Author Rick Martinez on Traveling 20,000 Miles Through Mexico for a Sense of Home

My memories with my grandmother are all about the food stuff. I however try to remember the odor of porky pinto beans simmering in her kitchen area, in which I spent every Sunday evening as a kid. What appeared like various hundred heat do-it-yourself flour tortillas, each individual a ideal spherical, have been usually stacked towards the ceiling. Amid the smell of stewed pork, dried chiles, and cumin, she would greet me with a seize of my cheeks, a hug, and a kiss. This was house, and this was the food items of my family members. 

I experienced driven through Mexico for seven months—and virtually 17,000 miles—before I tasted something like what my grandmother utilised to cook dinner.

Then I stopped for lunch at the mercado in Santiago, just outside Monterrey, and ordered a pink pork guiso (stew). It came with beans and rice and tortillas de harina (flour). When the plate landed in front of me, I had an immediate flashback to my grandmother’s table—what sat right before me looked specifically like the foodstuff she utilized to make. The pinto beans had been mashed with prosperous, juicy pork fat. The flour tortillas were thick, ideal for soaking up the crimson stew. I took a chunk, teared up, and sat there, hardly ready to complete eating. I termed my father and cried.

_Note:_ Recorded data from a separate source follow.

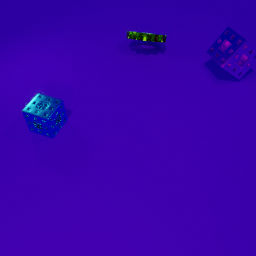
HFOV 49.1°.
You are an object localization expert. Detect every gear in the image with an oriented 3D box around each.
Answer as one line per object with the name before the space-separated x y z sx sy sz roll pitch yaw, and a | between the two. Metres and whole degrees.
gear | 0.670 -3.342 10.271 1.443 0.267 1.443 5 19 -2

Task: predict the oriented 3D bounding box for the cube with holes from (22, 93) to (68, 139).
cube with holes | -2.297 -0.339 7.846 0.796 0.796 0.796 17 50 15

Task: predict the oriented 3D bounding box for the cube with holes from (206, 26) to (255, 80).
cube with holes | 3.462 -2.442 9.166 1.030 1.030 1.030 20 31 -36
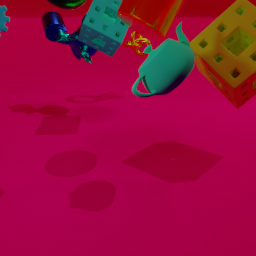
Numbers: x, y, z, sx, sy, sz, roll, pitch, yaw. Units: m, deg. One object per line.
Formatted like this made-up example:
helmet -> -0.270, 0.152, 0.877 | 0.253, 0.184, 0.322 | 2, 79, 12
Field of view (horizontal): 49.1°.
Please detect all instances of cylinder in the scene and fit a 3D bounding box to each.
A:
cylinder -> -2.414, -3.313, 9.158 | 0.705, 0.705, 0.705 | -9, 57, -20
cylinder -> 0.482, -2.429, 5.416 | 1.067, 1.067, 1.067 | 28, 8, -4

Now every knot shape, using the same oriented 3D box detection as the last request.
knot shape -> 0.416, -3.182, 10.710 | 1.027, 0.507, 1.097 | 36, 58, 10

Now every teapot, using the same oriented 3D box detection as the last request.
teapot -> 0.607, -1.091, 4.636 | 1.565, 0.766, 0.973 | -52, 13, -16

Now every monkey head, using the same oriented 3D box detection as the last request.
monkey head -> -1.545, -2.859, 8.966 | 1.278, 1.776, 1.070 | 11, -14, -42

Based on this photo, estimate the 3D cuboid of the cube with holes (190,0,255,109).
cube with holes -> 2.357, -1.502, 5.922 | 1.364, 1.364, 1.364 | 54, 11, 24

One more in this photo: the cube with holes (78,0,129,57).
cube with holes -> -0.603, -2.826, 7.691 | 1.085, 1.085, 1.085 | 24, -11, -13

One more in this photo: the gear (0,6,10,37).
gear -> -3.978, -3.109, 7.848 | 1.192, 1.192, 0.220 | -14, 19, -28

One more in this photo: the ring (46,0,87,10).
ring -> -0.953, -2.244, 3.963 | 0.217, 1.085, 1.085 | 0, 18, 42
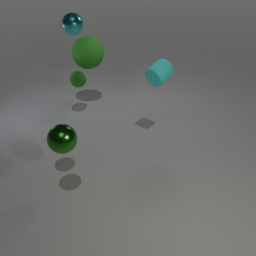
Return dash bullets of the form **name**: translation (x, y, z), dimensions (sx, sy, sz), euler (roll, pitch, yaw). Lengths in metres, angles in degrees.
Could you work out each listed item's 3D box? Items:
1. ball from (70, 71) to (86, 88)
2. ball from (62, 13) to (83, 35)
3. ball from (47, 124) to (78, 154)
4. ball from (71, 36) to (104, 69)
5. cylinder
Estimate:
- **ball**: translation (-2.117, -2.070, 11.885), dimensions (0.700, 0.700, 0.700), euler (0, 30, 0)
- **ball**: translation (-1.851, -3.478, 9.358), dimensions (0.700, 0.700, 0.700), euler (0, 30, 0)
- **ball**: translation (-1.525, 0.252, 6.495), dimensions (0.700, 0.700, 0.700), euler (0, 30, 0)
- **ball**: translation (-1.749, -3.271, 12.190), dimensions (1.400, 1.400, 1.400), euler (0, 30, 0)
- **cylinder**: translation (1.052, -1.858, 9.431), dimensions (0.700, 0.700, 0.700), euler (25, 57, 37)
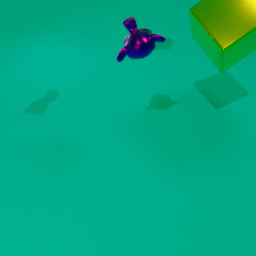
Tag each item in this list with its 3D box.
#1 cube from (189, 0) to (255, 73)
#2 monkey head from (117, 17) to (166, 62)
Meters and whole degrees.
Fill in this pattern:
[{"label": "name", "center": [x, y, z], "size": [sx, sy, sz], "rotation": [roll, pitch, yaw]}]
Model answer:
[{"label": "cube", "center": [2.284, -2.274, 6.307], "size": [1.259, 1.259, 1.259], "rotation": [-34, 72, 8]}, {"label": "monkey head", "center": [0.187, -1.834, 5.816], "size": [1.092, 0.785, 0.658], "rotation": [-21, 52, 15]}]
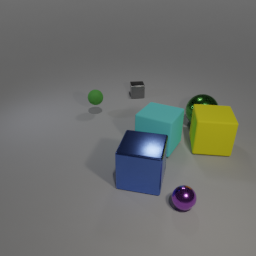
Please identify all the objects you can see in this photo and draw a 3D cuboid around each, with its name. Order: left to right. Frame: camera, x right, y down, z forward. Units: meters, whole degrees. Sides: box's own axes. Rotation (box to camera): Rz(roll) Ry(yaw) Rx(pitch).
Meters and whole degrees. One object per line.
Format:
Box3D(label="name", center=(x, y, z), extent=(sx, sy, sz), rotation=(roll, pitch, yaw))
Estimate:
Box3D(label="ball", center=(-1.472, -1.387, 12.684), extent=(0.700, 0.700, 0.700), rotation=(0, 31, 0))
Box3D(label="cube", center=(0.485, -2.014, 14.769), extent=(0.700, 0.700, 0.700), rotation=(-3, 29, -5))
Box3D(label="cube", center=(0.454, 1.060, 8.874), extent=(1.400, 1.400, 1.400), rotation=(7, 31, 12))
Box3D(label="cube", center=(1.170, 0.011, 10.485), extent=(1.400, 1.400, 1.400), rotation=(14, 30, 24))
Box3D(label="ball", center=(1.598, 1.986, 7.987), extent=(0.700, 0.700, 0.700), rotation=(0, 31, 0))
Box3D(label="ball", center=(3.163, -0.742, 11.951), extent=(1.400, 1.400, 1.400), rotation=(0, 31, 0))
Box3D(label="cube", center=(3.135, 0.055, 10.481), extent=(1.400, 1.400, 1.400), rotation=(4, 31, 5))
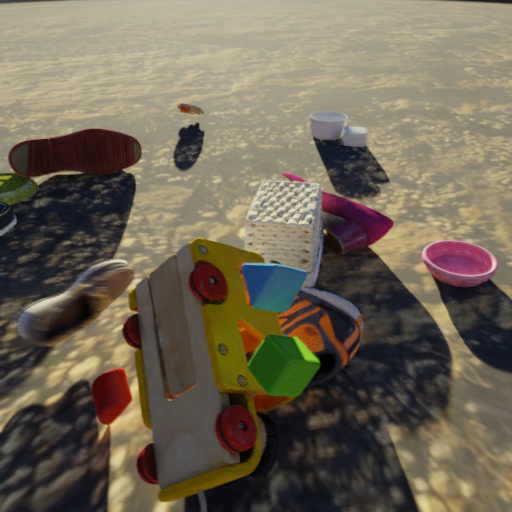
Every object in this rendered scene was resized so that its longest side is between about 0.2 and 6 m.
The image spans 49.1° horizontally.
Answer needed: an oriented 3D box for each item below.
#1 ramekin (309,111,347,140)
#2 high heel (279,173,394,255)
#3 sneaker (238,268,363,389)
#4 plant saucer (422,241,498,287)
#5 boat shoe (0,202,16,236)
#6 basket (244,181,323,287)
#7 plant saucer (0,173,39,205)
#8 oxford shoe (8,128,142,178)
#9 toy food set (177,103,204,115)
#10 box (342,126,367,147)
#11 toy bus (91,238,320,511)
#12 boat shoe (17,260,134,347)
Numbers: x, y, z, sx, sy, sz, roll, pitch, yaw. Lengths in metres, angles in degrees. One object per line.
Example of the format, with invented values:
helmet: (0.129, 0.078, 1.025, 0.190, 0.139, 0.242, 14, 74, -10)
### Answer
ramekin: (2.011, -3.645, 15.703, 1.069, 0.561, 1.069, 0, 31, 0)
high heel: (1.480, -0.991, 11.005, 1.223, 0.858, 2.544, -24, 52, -18)
sneaker: (0.031, 0.912, 7.694, 2.688, 1.043, 1.506, 14, 32, 22)
plant saucer: (3.482, 0.156, 9.647, 1.237, 0.314, 1.237, 1, 31, 0)
boat shoe: (-5.762, -0.612, 10.146, 1.124, 0.897, 2.972, 19, 29, 26)
basket: (0.526, -0.459, 9.846, 1.273, 1.158, 1.878, 5, 32, 9)
plant saucer: (-5.704, -1.529, 12.514, 1.571, 0.244, 1.571, 0, 30, 0)
oxford shoe: (-4.308, -2.503, 13.349, 3.067, 1.080, 1.147, -7, 16, -28)
toy food set: (-1.977, -4.410, 16.889, 0.826, 0.201, 0.818, 12, 6, 2)
box: (2.665, -3.234, 15.184, 0.573, 0.377, 0.576, 4, 31, 0)
toy bus: (-0.349, 1.391, 6.252, 1.599, 3.094, 2.919, 14, 8, -43)
boat shoe: (-2.459, 0.676, 8.041, 0.548, 0.661, 1.841, 19, 41, 41)
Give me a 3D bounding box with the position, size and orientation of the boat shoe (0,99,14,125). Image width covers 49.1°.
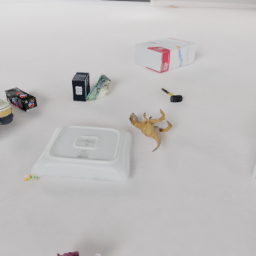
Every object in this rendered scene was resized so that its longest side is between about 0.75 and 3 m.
[{"bbox_3d":[-4.975,-0.607,10.603,0.955,0.796,2.559,-30,26,-30],"label":"boat shoe"}]

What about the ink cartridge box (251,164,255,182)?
[{"bbox_3d":[4.482,1.011,7.053,0.921,1.571,2.146,-27,40,-37],"label":"ink cartridge box"}]

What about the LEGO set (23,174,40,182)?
[{"bbox_3d":[-2.358,1.243,7.980,0.532,0.431,1.157,-15,19,47],"label":"LEGO set"}]

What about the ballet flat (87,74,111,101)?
[{"bbox_3d":[-1.221,-1.772,12.633,0.739,0.739,1.990,7,42,12],"label":"ballet flat"}]

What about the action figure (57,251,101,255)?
[{"bbox_3d":[-1.027,2.617,5.314,0.918,0.684,0.615,22,41,9],"label":"action figure"}]

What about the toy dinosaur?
[{"bbox_3d":[0.893,0.104,9.675,1.332,0.757,2.508,-34,33,-8],"label":"toy dinosaur"}]

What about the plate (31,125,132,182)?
[{"bbox_3d":[-1.252,0.592,8.658,2.720,0.441,2.726,5,28,1],"label":"plate"}]

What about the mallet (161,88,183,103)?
[{"bbox_3d":[1.823,-1.511,12.606,0.521,0.325,1.581,-9,28,-24],"label":"mallet"}]

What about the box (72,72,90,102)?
[{"bbox_3d":[-2.054,-1.828,12.374,0.628,1.013,0.996,4,30,3],"label":"box"}]

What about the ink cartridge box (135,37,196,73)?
[{"bbox_3d":[2.181,-4.340,16.355,2.963,1.268,2.187,-21,37,-34],"label":"ink cartridge box"}]

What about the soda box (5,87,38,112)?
[{"bbox_3d":[-4.527,-1.215,11.839,1.631,0.517,0.577,25,39,36],"label":"soda box"}]
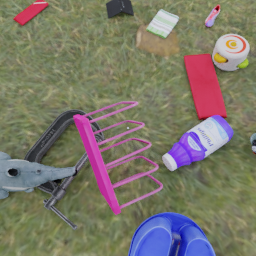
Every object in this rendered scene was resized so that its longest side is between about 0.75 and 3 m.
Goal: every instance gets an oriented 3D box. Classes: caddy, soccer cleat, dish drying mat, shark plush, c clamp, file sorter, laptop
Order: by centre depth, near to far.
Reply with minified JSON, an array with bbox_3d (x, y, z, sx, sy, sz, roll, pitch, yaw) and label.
[{"bbox_3d":[0.835,3.154,5.984,1.819,1.351,2.573,15,80,5],"label":"caddy"},{"bbox_3d":[-0.221,0.561,6.697,1.369,1.517,2.183,-21,102,-15],"label":"file sorter"},{"bbox_3d":[-2.695,1.264,6.865,2.823,1.176,1.282,9,74,9],"label":"shark plush"},{"bbox_3d":[-1.580,0.881,7.636,2.399,0.380,2.809,25,74,19],"label":"c clamp"},{"bbox_3d":[2.404,-1.343,8.825,0.912,0.216,2.375,-6,64,-1],"label":"dish drying mat"},{"bbox_3d":[3.034,-4.011,10.020,0.310,0.356,0.931,28,67,13],"label":"soccer cleat"},{"bbox_3d":[-3.553,-4.282,10.279,0.511,0.121,1.331,36,69,15],"label":"dish drying mat"},{"bbox_3d":[-0.302,-4.406,10.386,0.841,0.487,0.787,5,61,-29],"label":"laptop"}]

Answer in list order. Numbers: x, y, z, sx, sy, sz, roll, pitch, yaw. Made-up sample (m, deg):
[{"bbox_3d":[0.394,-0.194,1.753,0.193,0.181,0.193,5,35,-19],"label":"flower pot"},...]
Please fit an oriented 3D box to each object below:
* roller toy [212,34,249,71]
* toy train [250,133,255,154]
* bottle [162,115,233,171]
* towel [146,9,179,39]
[{"bbox_3d":[3.283,-2.451,9.004,1.137,0.794,1.037,1,62,3],"label":"roller toy"},{"bbox_3d":[3.985,0.313,7.582,1.564,0.666,0.891,-37,106,-21],"label":"toy train"},{"bbox_3d":[1.884,0.447,7.706,2.031,0.663,0.848,-30,68,-14],"label":"bottle"},{"bbox_3d":[1.242,-3.730,9.991,0.817,0.168,1.095,28,68,13],"label":"towel"}]
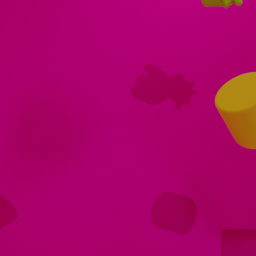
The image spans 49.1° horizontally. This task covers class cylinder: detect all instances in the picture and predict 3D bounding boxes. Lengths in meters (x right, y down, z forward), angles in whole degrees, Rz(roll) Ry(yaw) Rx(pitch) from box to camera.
[{"bbox_3d":[1.778,-0.245,4.018,0.797,0.797,0.797,-46,121,-10],"label":"cylinder"}]

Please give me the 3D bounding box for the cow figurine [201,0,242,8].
[{"bbox_3d":[1.571,-3.054,5.122,1.632,1.659,0.910,30,75,10],"label":"cow figurine"}]

I’d found a link by foodstuff.

Maíz becoming ground into masa in Janitzio, Michoacán

Ren Fuller

A street watch in Capula, Michoacán

Ren Fuller

But the factor was, the men and women in Monterrey didn’t appear like me. They seemed a whole lot like my dad’s side of the relatives: The Martínez’s are light-weight skinned and have lighter hair than my mother’s side, the Castruitas. I have additional of my maternal grandfather’s features—darker hair, darker skin, darker eyes, sharper options in my deal with, a lot more moreno (brown). I’d located just one part of the puzzle in Monterrey, but there have been nonetheless lacking parts.

That adjusted a few times later on, when I drove into Saltillo, Coahuila, about an hour southwest of Monterrey. I parked and walked the cobblestone streets of the Spanish colonial plazas, finally sitting down on a bench and observing a family perform in front of me. There was a tiny lady, about three yrs old, in a little white costume and black Mary Jane footwear, dancing amongst her dad and mom. She turned toward me and my heart sank: She appeared accurately like a picture of my mother when she was the exact same age. I sat there frozen, tears welling in my eyes at the hanging resemblance. I then walked through the mercado—and everybody I observed seemed familiar. It was like getting at a wedding day and bumping into kinfolk I hadn’t viewed in a long time I didn’t remember their names, but I understood their faces.

It may well have been sufficient to head residence with. I had located the flavors of my childhood and I had observed men and women who glance like me. However lacking though, was the individual sense of belonging that I expected—that I desperately wished. I hadn’t discovered a location that felt like it was mine I hadn’t discovered my place in Mexico. 

Just as I was inching closer to acquiring what I’d occur for, the earth turned upside down. In March 2020, when the pandemic totally strike the U.S. and Mexico, I was in the middle of the desert in Coahuila. When I realized we’d be entering lockdown, I drove 8 hrs to the to start with significant city on the open Pacific, Mazatlán. I’d be better to hold out it out there.